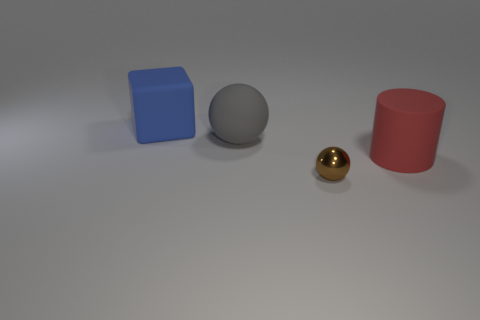What number of big gray matte spheres are there?
Ensure brevity in your answer.  1. What is the material of the ball behind the big rubber object in front of the gray sphere?
Provide a succinct answer. Rubber. The large cylinder that is made of the same material as the gray ball is what color?
Your answer should be very brief. Red. Is the size of the ball behind the brown ball the same as the thing in front of the red rubber cylinder?
Make the answer very short. No. How many cylinders are big blue objects or big gray matte things?
Your answer should be compact. 0. Do the cube that is behind the gray ball and the brown ball have the same material?
Offer a terse response. No. What number of other objects are there of the same size as the red cylinder?
Offer a terse response. 2. How many big things are cyan blocks or metallic things?
Provide a short and direct response. 0. Does the matte cylinder have the same color as the cube?
Keep it short and to the point. No. Are there more large blue matte things that are on the right side of the red thing than small brown shiny objects that are to the left of the gray rubber sphere?
Keep it short and to the point. No. 
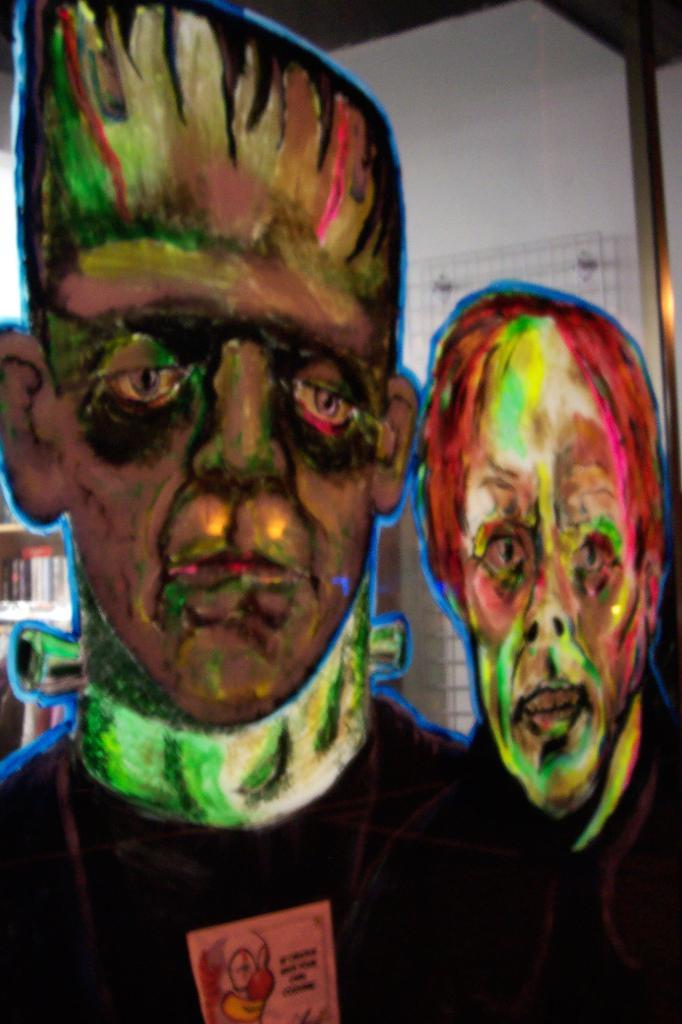What type of artwork is displayed on the wall in the image? There are paintings on the wall in the image. What can be seen in the background of the image? There is a bookshelf in the background of the image. What type of pail is used for writing in the image? There is no pail or writing present in the image. What things are being written about in the image? There is no writing present in the image, so it is not possible to determine what things might be written about.

******************************

Repeat the material above word for word; no images go in the copy.

What number of big gray matte spheres are there?
Ensure brevity in your answer.  1. What is the material of the ball behind the big rubber object in front of the gray sphere?
Provide a succinct answer. Rubber. The large cylinder that is made of the same material as the gray ball is what color?
Your answer should be very brief. Red. Is the size of the ball behind the brown ball the same as the thing in front of the red rubber cylinder?
Make the answer very short. No. How many cylinders are big blue objects or big gray matte things?
Your answer should be compact. 0. Do the cube that is behind the gray ball and the brown ball have the same material?
Offer a terse response. No. What number of other objects are there of the same size as the red cylinder?
Offer a terse response. 2. How many big things are cyan blocks or metallic things?
Provide a short and direct response. 0. Does the matte cylinder have the same color as the cube?
Keep it short and to the point. No. Are there more large blue matte things that are on the right side of the red thing than small brown shiny objects that are to the left of the gray rubber sphere?
Keep it short and to the point. No. 
What type of artwork is displayed on the wall in the image? There are paintings on the wall in the image. What can be seen in the background of the image? There is a bookshelf in the background of the image. What type of pail is used for writing in the image? There is no pail or writing present in the image. What things are being written about in the image? There is no writing present in the image, so it is not possible to determine what things might be written about.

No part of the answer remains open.